- Amurthur Location in Karnataka, India Amurthur Amurthur (India)
- Coordinates: 12°55′N 76°56′E﻿ / ﻿12.92°N 76.93°E
- Country: India
- State: Karnataka
- District: Tumkur district

Government
- • Body: Panchayath
- Elevation: 670 m (2,200 ft)

Population (2011)
- • Total: 11,201

Languages
- • Official: Kannada
- Time zone: UTC+5:30 (IST)
- PIN: 572 111
- Telephone code: 08132

= Amruthur =

Amruthur is a town (hobli) in Kunigal taluk, Tumkur district, Karnataka, India. It is situated in a valley created by the rivers Shimsha, Veera-vaishnavi and Nagini. It is irrigated by the Markonhalli and Mangala reservoirs and a series of tanks. Amruthur is surrounded by paddy fields and areca-nut gardens. To the south of the village are two lakes that also serve as a source of irrigation.

Amruthur is at a distance of 73 km from the state capital, Bangalore. Its climate is similar to that of Bangalore. It is well connected through the National Highway NH-48 (Bangalore - Mangalore highway). There are many ancient temples in Amruthur, like the Sri Rameshwara temple, Sri Channakeshava temple, Sri Anjaneya temple, Sri Srinivasa temple, Sri Kanyaka Parameswari and the temple of the village deity, Pattaladamma Hosapalya.

==Freedom struggle==
Amruthur was involved in India's freedom struggle from the British empire. Even before Mysore State Congress was formed, delegates from Amruthur attended the 1924 Belgaum Session of the Indian National Congress where Mahatma Gandhi was also present. Many people from Amruthur had participated in the 1942 Quit India Movement and had been arrested by the British government. Shri Obedulla Khan Shirani, Shri. Ramurti Inoor, Shri. Ramanna Gowda and Shri. Gulli Gowda, had a key role in developing the village.

==Cooperative and banking movement==
In 1911, Sri Rama Mandiram Cooperative Society was started. This provided banking and credit facilities to the people of Amruthur. It is managed by an elected body. In the 1960s, the Ryots Cooperative Society and the Housing Cooperative Society were formed to help the farmer community of the area. Also, in the 1960s, Canara Bank opened a branch in Amruthur. In the 1970s, as a part of the White Revolution, the Milk Producers Cooperative Society was started. Many local farmers took up to dairy as a profession.

==Healthcare facilities==
A hospital was established in Amruthur in 1930. The hospital was upgraded in accordance with the plan of the Government of India in the 1960s and more staff was posted. Private wards were added with the donations of philanthropists of Amruthur. In the 1960s a veterinary hospital was established.

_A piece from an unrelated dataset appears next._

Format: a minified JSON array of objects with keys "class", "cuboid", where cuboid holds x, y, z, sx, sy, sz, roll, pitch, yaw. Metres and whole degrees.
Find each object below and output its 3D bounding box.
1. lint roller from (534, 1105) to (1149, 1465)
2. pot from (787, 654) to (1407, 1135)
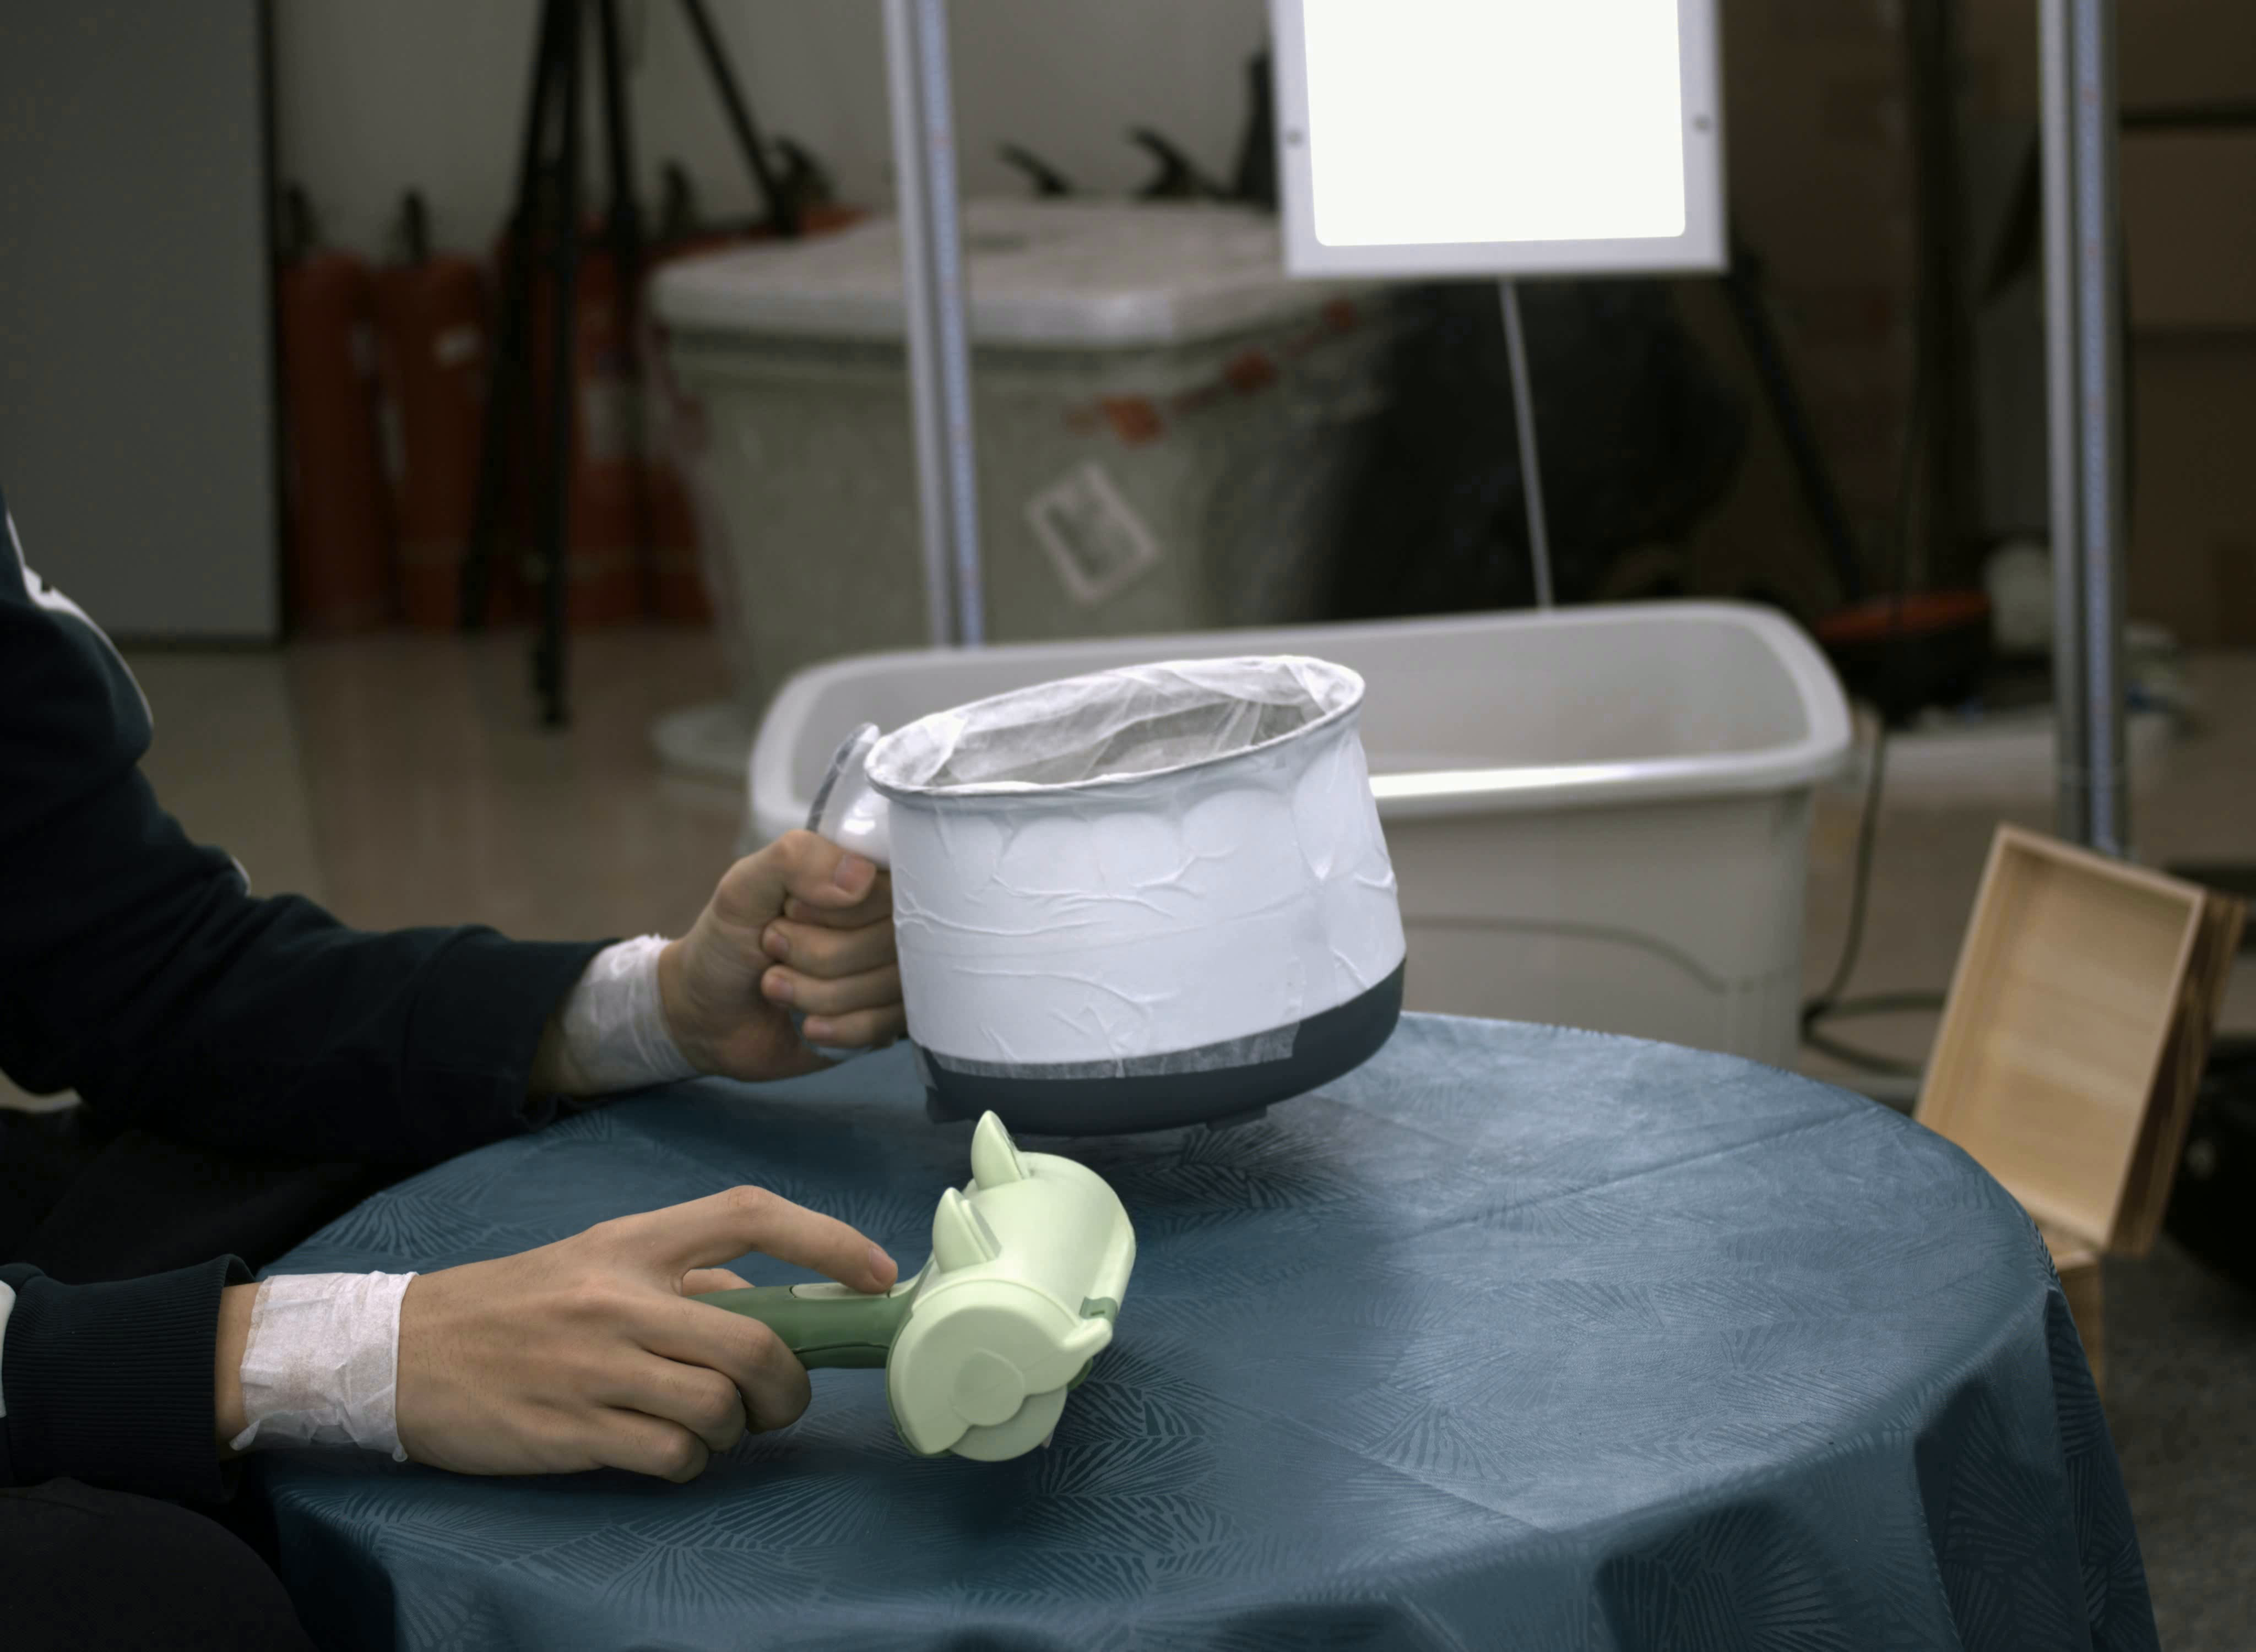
[{"class":"lint roller","cuboid":[-0.090,0.136,1.667,0.184,0.082,0.197,-1,9,6]},{"class":"pot","cuboid":[-0.020,0.025,1.927,0.238,0.137,0.175,-3,14,28]}]

==Electricity and drinking water supply==
Amruthur received the benefits of water supply and electricity from the 1950s. A Section Office for the Karnataka Electricity Board is also present in Amruthur. With the aid of the World Bank, it has been further improved.

==Education facilities==
Amruthur had educational facilities since the 1920s. There were separate schools for girls and boys up to Lower Secondary levels (this translates to 7th standard or 7th grade). A private high school (Nehru High School) was started in the 1950s. The Government Junior College was started in the 1970s offering PUC (Pre-University College) courses in science, arts and commerce. Educational institutions from kindergarten up to 10th standard were started in 1982 under the auspices of the Amruthur Education Institution. In 2008, this was expanded to include a junior college offering Commerce and Arts courses.

==Other facilities==
A Post office was established in the 1930s. This was converted to a sub-office in 1960 with telegraphy facility. In the 1960s, Amruthur got telephone services with a Public Call Office (PCO) which later became an automatic telephone exchange. Amruthur has STD (national calling) and ISD (international calling) services, and different Telecom operators provide cellphone services. Two gas stations are also present in the village.

==State Highways==
Amruthur is well connected to other parts of Karnataka through the following state highway:
SH-84 : Highway connecting Sira with Nanjangud via Gubbi, Kallur, Yadayur, Amruthur, Mandya, Kirugaval, Hosavatti and T. Narsipura.